By the time the plane landed and I'd collected my luggage and the rental car I had maybe a solid afternoon of dashing about the desert around Greater Tucson to see what there was to see after a 32 year absence from this part of the country. Tombstone and Old Tucson were out as being too kitschy for me at the no longer young age of 40-never mind. I wanted the real Arizona, the living, breathing, historic southern state late of Mexico by way of the Gadsden Purchase and more than a few indigenous cultures. I wanted the Arizona of the Spanish Missions, saguaro cactus reaching nearly three full stories in to the sky and the red rocks of the sun, the Roadrunner and Wile E. Coyote. Hey, I ain't that old!

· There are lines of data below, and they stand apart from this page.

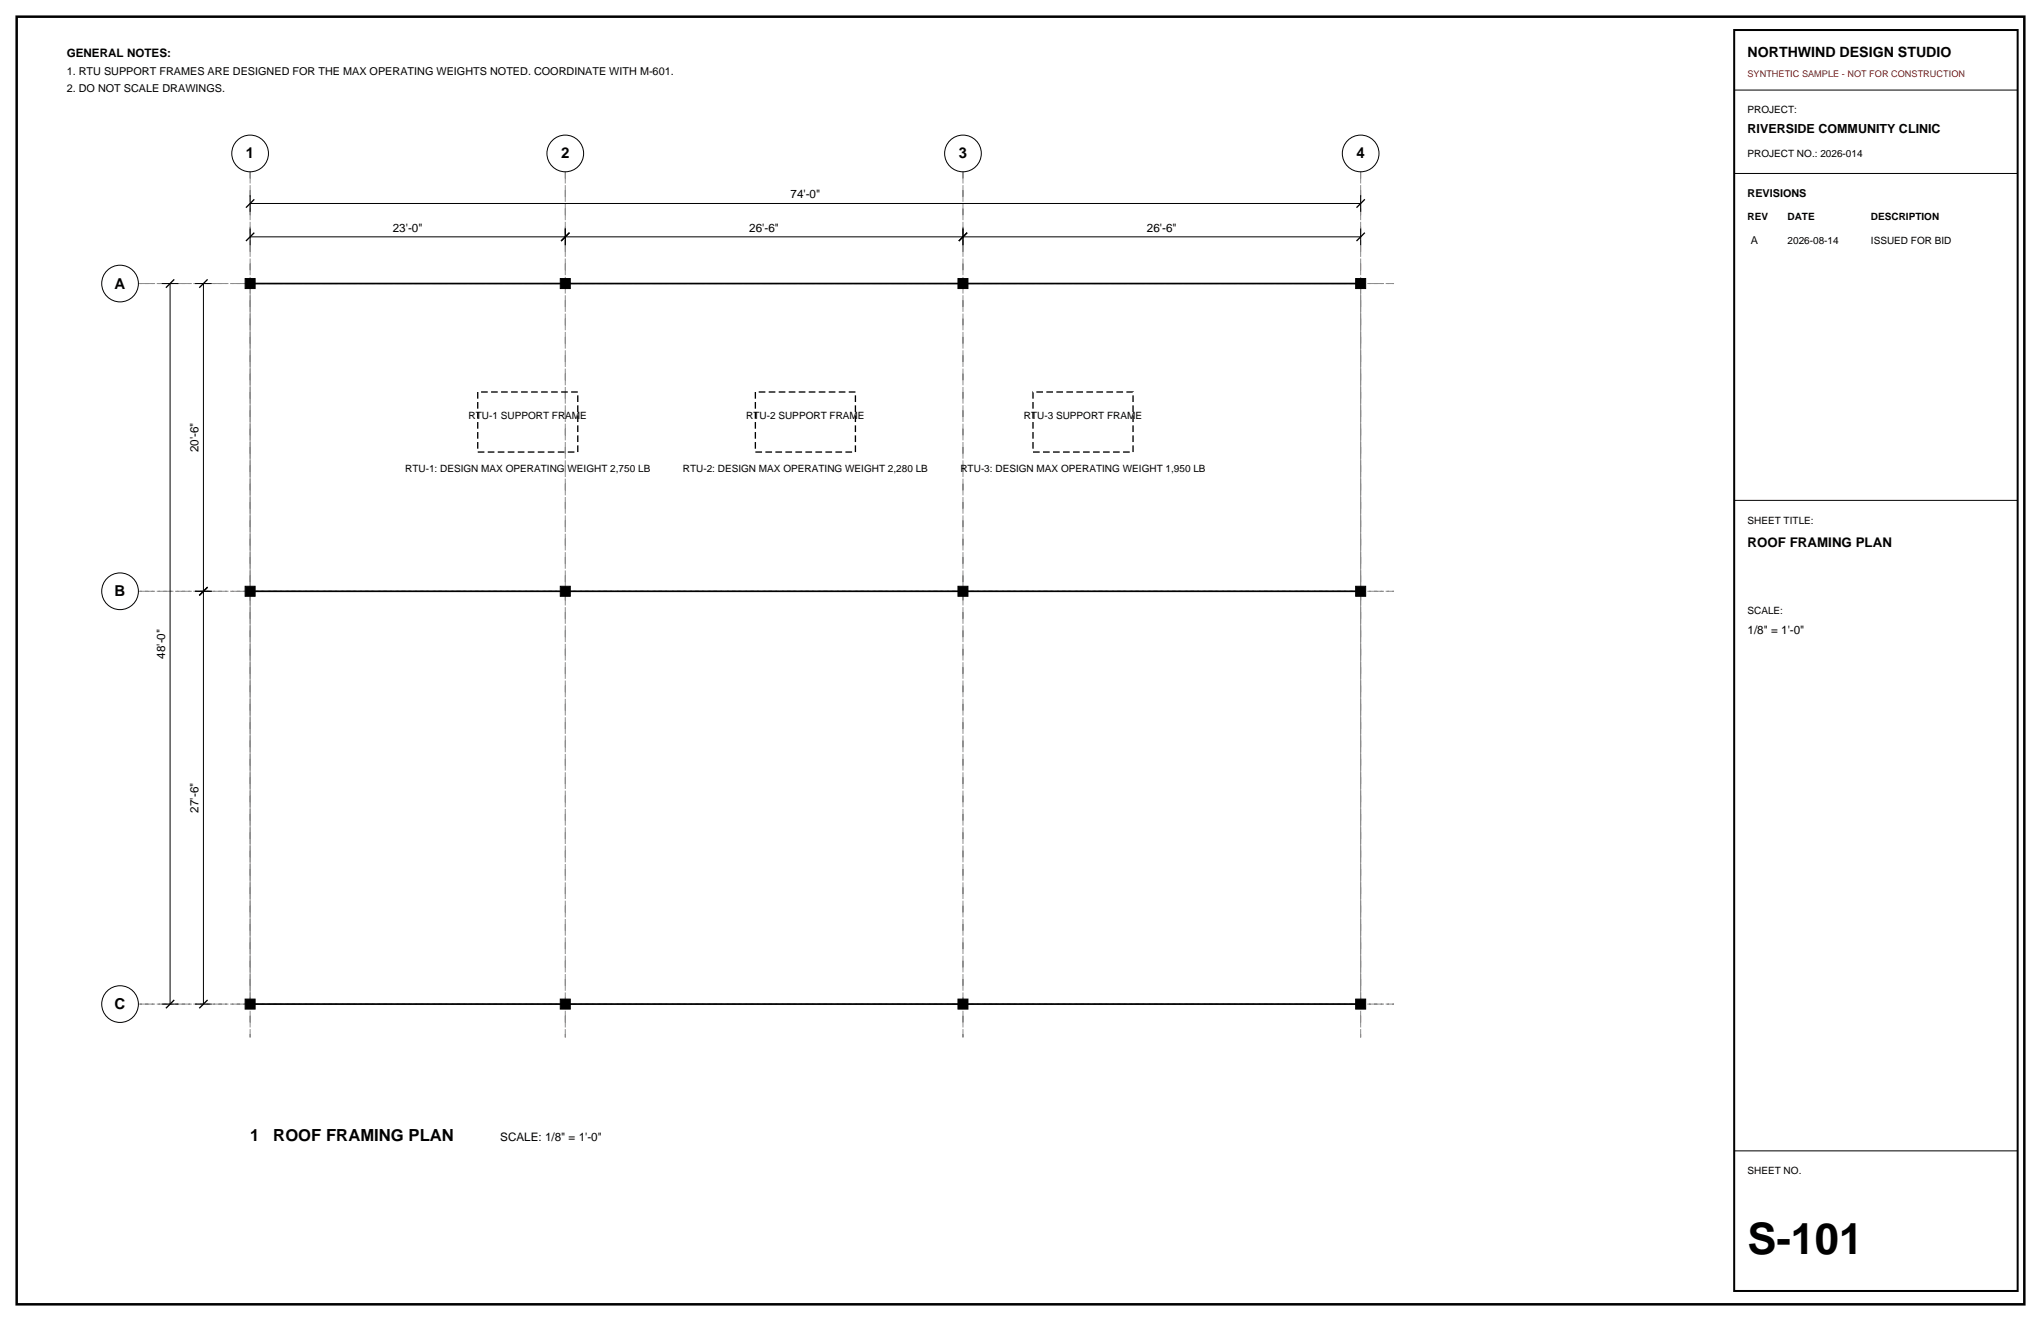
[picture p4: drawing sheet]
<svg xmlns="http://www.w3.org/2000/svg" width="432mm" height="279mm" viewBox="0 0 432 279" stroke-linecap="round" stroke-linejoin="round" font-family="sans-serif">
<defs><g id="words">
<text font-size="9.2" x="369.7" y="265.3">S-101</text>
<g font-size="3.5">
<text x="52.9" y="241.3">1</text>
<text x="57.8" y="241.3">ROOF FRAMING PLAN</text>
</g>
<g font-size="3.2">
<text x="52" y="33.5">1</text>
<text x="118.7" y="33.5">2</text>
<text x="202.8" y="33.5">3</text>
<text x="287" y="33.5">4</text>
<text x="24.3" y="61">A</text>
<text x="24.3" y="126.1">B</text>
<text x="24.3" y="213.4">C</text>
</g>
<text font-size="3" x="369.7" y="12">NORTHWIND DESIGN STUDIO</text>
<text font-size="2.8" x="369.7" y="115.7">ROOF FRAMING PLAN</text>
<text font-size="2.6" x="369.7" y="28.2">RIVERSIDE COMMUNITY CLINIC</text>
<g font-size="2.5">
<text x="14.1" y="12">GENERAL NOTES:</text>
<text x="167.2" y="42">74'-0&quot;</text>
<text x="83.1" y="49">23'-0&quot;</text>
<text x="158.5" y="49">26'-6&quot;</text>
<text x="242.7" y="49">26'-6&quot;</text>
<text x="42" y="95.7" transform="rotate(-90 42 95.7)">20'-6&quot;</text>
<text x="369.7" y="134.1">1/8&quot; = 1'-0&quot;</text>
<text x="34.9" y="139.3" transform="rotate(-90 34.9 139.3)">48'-0&quot;</text>
<text x="42" y="171.9" transform="rotate(-90 42 171.9)">27'-6&quot;</text>
<text x="105.8" y="241.3">SCALE: 1/8&quot; = 1'-0&quot;</text>
</g>
<g font-size="2.3">
<text x="14.1" y="15.9">1. RTU SUPPORT FRAMES ARE DESIGNED FOR THE MAX OPERATING WEIGHTS NOTED. COORDINATE WITH M-601.</text>
<text x="14.1" y="19.4">2. DO NOT SCALE DRAWINGS.</text>
<text x="369.7" y="41.6">REVISIONS</text>
<text x="370.4" y="51.5">A</text>
</g>
<g font-size="2.1">
<text x="369.7" y="24">PROJECT:</text>
<text x="369.7" y="33.2">PROJECT NO.: 2026-014</text>
<text x="369.7" y="46.6">REV</text>
<text x="378.2" y="46.6">DATE</text>
<text x="395.8" y="46.6">DESCRIPTION</text>
<text x="378.2" y="51.5">2026-08-14</text>
<text x="395.8" y="51.5">ISSUED FOR BID</text>
<text x="99.1" y="88.6">RTU-1 SUPPORT FRAME</text>
<text x="157.9" y="88.6">RTU-2 SUPPORT FRAME</text>
<text x="216.6" y="88.6">RTU-3 SUPPORT FRAME</text>
<text x="85.7" y="99.8">RTU-1: DESIGN MAX OPERATING WEIGHT 2,750 LB</text>
<text x="144.5" y="99.8">RTU-2: DESIGN MAX OPERATING WEIGHT 2,280 LB</text>
<text x="203.2" y="99.8">RTU-3: DESIGN MAX OPERATING WEIGHT 1,950 LB</text>
<text x="369.7" y="110.8">SHEET TITLE:</text>
<text x="369.7" y="129.8">SCALE:</text>
<text x="369.7" y="248.4">SHEET NO.</text>
</g>
<text font-size="1.9" fill="#d90d0d" x="369.7" y="16.2">SYNTHETIC SAMPLE - NOT FOR CONSTRUCTION</text>
</g></defs>
<path d="M3.5 3.5h424.8v272.4h-424.8z" fill="none" stroke="#000" stroke-width=".53"/>
<path d="M52.9 36.3v183.1zM119.6 36.3v183.1zM203.7 36.3v183.1zM287.9 36.3v183.1zM29.3 60h265.6zM29.3 125.1h265.6zM29.3 212.4h265.6z" fill="none" stroke="#8c8c8c" stroke-width=".21" stroke-dasharray="2.1 .7 .4 .7" stroke-linecap="butt"/>
<g fill="none" stroke="#000" stroke-width=".21">
<path d="M366.9 19.1h60zM366.9 36.7h60zM34.2 60h3.5zM36 60v152.4zM41.3 60h3.5zM43 60v65.1zM52.9 50.1h66.7zM52.9 48.3v3.6zM52.9 43h235zM52.9 41.3v3.5zM119.6 48.3v3.6zM119.6 50.1h84.1z"/>
<path d="M203.7 48.3v3.6zM203.7 50.1h84.2zM287.9 48.3v3.6zM287.9 41.3v3.5zM366.9 105.8h60zM41.3 125.1h3.5zM43 125.1v87.3zM34.2 212.4h3.5zM41.3 212.4h3.5zM366.9 243.4h60z"/>
<circle cx="52.9" cy="32.5" r="3.9"/>
<circle cx="119.6" cy="32.5" r="3.9"/>
<circle cx="203.7" cy="32.5" r="3.9"/>
<circle cx="287.9" cy="32.5" r="3.9"/>
<circle cx="25.4" cy="60" r="3.9"/>
<circle cx="25.4" cy="125.1" r="3.9"/>
<circle cx="25.4" cy="212.4" r="3.9"/>
</g>
<path d="M52 51l1.8-1.8zM52 43.9l1.8-1.7zM118.7 51l1.8-1.8zM202.8 51l1.8-1.8zM287 51l1.7-1.8zM288.7 42.2l-1.7 1.7zM35.1 60.9l1.8-1.8zM42.2 60.9l1.7-1.8zM42.2 125.9l1.7-1.7zM36.9 211.5l-1.8 1.8zM43.9 211.5l-1.7 1.8z" fill="none" stroke="#000" stroke-width=".28"/>
<path d="M52.9 60h235v152.4h-235z" fill="none" stroke="#8c8c8c" stroke-width=".21"/>
<path d="M51.9 58.9h2.1v2.1h-2.1zM118.5 58.9h2.1v2.1h-2.1zM202.7 58.9h2.1v2.1h-2.1zM286.8 58.9h2.1v2.1h-2.1zM51.9 124h2.1v2.1h-2.1zM118.5 124h2.1v2.1h-2.1zM202.7 124h2.1v2.1h-2.1zM286.8 124h2.1v2.1h-2.1zM51.9 211.3h2.1v2.1h-2.1zM118.5 211.3h2.1v2.1h-2.1zM202.7 211.3h2.1v2.1h-2.1zM286.8 211.3h2.1v2.1h-2.1z" fill="#000" stroke="#000" stroke-width=".21"/>
<path d="M52.9 60h235zM52.9 125.1h235zM52.9 212.4h235z" fill="none" stroke="#000" stroke-width=".35"/>
<path d="M101.1 82.9h21.1v12.7h-21.1zM159.8 82.9h21.2v12.7h-21.2zM218.5 82.9h21.2v12.7h-21.2z" fill="none" stroke="#000" stroke-width=".28" stroke-dasharray="1.4 .7" stroke-linecap="butt"/>
<path d="M366.9 6.4h60v266.6h-60z" fill="none" stroke="#000" stroke-width=".42"/>
<use href="#words"/>
</svg>

A quick bite at In - N - Out Burger by the side of the highway to buy some time to make sure the two dozen travel brochures I'd picked through would yield the right combination of things to do and I was off, roaring down Interstate I-19 towards a previously unknown bit of history - the best kind - called Tumacacori. In this national park lie the ruins of three Spanish missions, the oldest of which dates from 1691. The one pictured here is the only one really worth seeing as it is the only one still standing and largely intact. The grounds evoke an era of no roads, hard scrabble living and unyielding frontier heat as the Jesuits fought wind, weather and warrior to convert the locals. It was a perfect blue sky early afternoon to start the whirlwind tour and a great way to see a nearly forgotten attraction by the side of the highway.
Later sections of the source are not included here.